Time de futebol nacional: Corinthians de 2012. Afinal, foi campeão do mundo. Outros cacarejaram muito, mas no final só conseguiram o troféu ‘Jogamos de igual para igual’.

Time de futebol internacional: Real Madrid. Foram quatro mundiais. Só.

Seleção de futebol: Alemanha 2014. Dispensa comentários. Menção para o time feminino dos EUA de 2019, provavelmente o melhor da história na modalidade.

Jogador: Cristiano Ronaldo. Messi em segundo. Nâo há terceiro, nem quarto, nem quinto. Os dois estão muito acima dos demais, são extraterrestres.

Atleta: Usain Bolt, o humano mais rápido de todos os tempos.

Cinema: Gravidade, com Sandra Bullock
Deve aparecer em poucas listas, mas foi o mais impressionante para mim, assisti três vezes. Tecnicamente perfeito, com um realismo angustiante. Seguido de perto por Avatar.

Série: Game of Thrones. Conseguiu o feito de me fazer reservar as noites de Domingo para não perder seus episódios. Tenho a música de abertura em vários estilos em meu spotify.
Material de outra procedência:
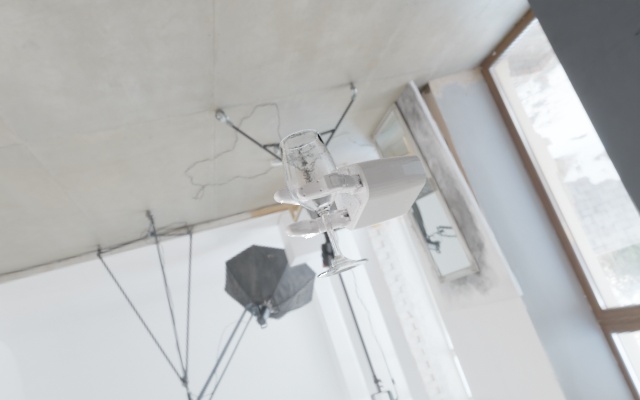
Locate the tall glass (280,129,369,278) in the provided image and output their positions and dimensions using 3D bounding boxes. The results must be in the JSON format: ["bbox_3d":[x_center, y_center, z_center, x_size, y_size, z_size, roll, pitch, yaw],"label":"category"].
[{"bbox_3d":[0.000,0.003,0.674,0.079,0.201,0.079,-18,-14,-5],"label":"tall glass"}]
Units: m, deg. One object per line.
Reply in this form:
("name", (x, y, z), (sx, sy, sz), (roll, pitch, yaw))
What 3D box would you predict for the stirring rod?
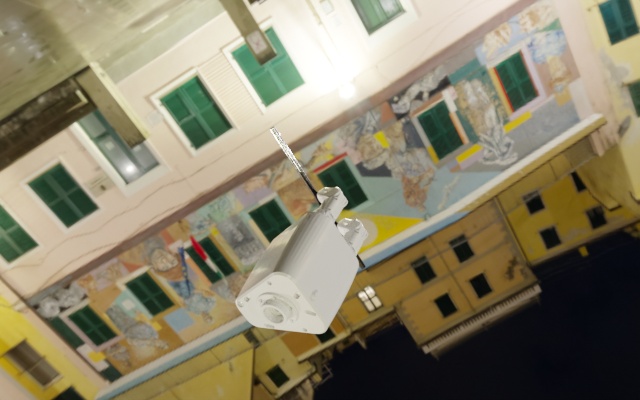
("stirring rod", (0.000, 0.002, 0.650), (0.011, 0.240, 0.011), (-29, 21, 12))

Foram algumas madrugadas insones, sem parar de assistir. Será que conseguem superá-la na próxima década? Menção honrosa para Breaking Bad.

Show: Cold Play, no Allianz Parque. Incomparável.
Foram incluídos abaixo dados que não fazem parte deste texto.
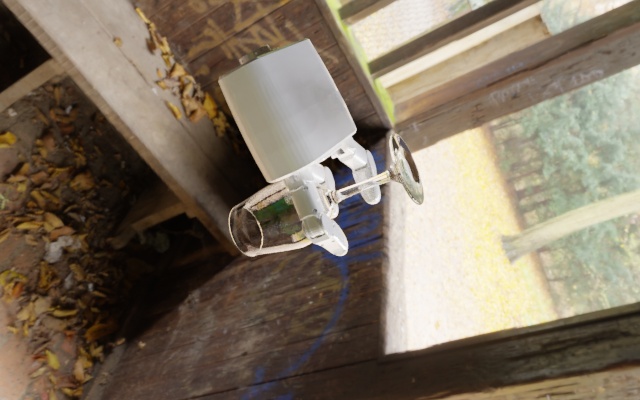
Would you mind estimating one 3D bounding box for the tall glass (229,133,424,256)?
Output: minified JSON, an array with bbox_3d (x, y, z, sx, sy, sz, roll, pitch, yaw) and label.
[{"bbox_3d":[0.001,0.002,0.501,0.201,0.079,0.079,-21,-9,25],"label":"tall glass"}]

Música: sou incapaz de dizer qual eu mais gostei, mas sim de lembrar daquelas que mais me ‘atazanaram’ os ouvidos… Uma nacional: ‘Aí se eu te pego’, do Michel Teló, outra internacional e latina: ‘Despacito’…

Novela: Não sou de assistí-las, mas Avenida Brasil foi uma exceção. Acho que desde então nenhuma outra obteve tanta audiência.
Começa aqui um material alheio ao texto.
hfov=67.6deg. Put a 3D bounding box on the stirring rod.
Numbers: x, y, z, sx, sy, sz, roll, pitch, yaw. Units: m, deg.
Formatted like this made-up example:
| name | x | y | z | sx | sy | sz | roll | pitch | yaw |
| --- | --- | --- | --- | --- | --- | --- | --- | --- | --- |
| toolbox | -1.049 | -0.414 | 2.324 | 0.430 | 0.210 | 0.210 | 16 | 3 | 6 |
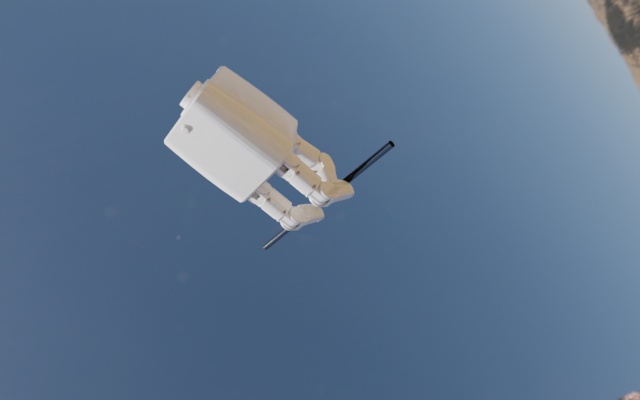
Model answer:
| name | x | y | z | sx | sy | sz | roll | pitch | yaw |
| --- | --- | --- | --- | --- | --- | --- | --- | --- | --- |
| stirring rod | 0.000 | 0.002 | 0.569 | 0.011 | 0.011 | 0.240 | 0 | -30 | -45 |

Livro: foram vários marcantes, mas seleciono ‘Inferno’, o mais detalhado relato da segunda Guerra mundial, um dos meus temas favoritos.

Política nacional: o impeachment de Dilma Roussef, pois representou a derrocada de uma era, iniciada 13 anos antes simbolizando a esperança e terminada com seus protagonistas rejeitados pela população, responsáveis pela mais profunda recessão da história do Brasil e o maior escândalo de corrupcão de que se tem notícia. Alguns foram parar na cadeia.

Política internacional: a eleição de Donald Trump. Imponderável e surpreendente, para quem achava que os EUA eram um país previsível, Trump contrariou quase todos os especialistas que na véspera da eleição o davam como derrotado.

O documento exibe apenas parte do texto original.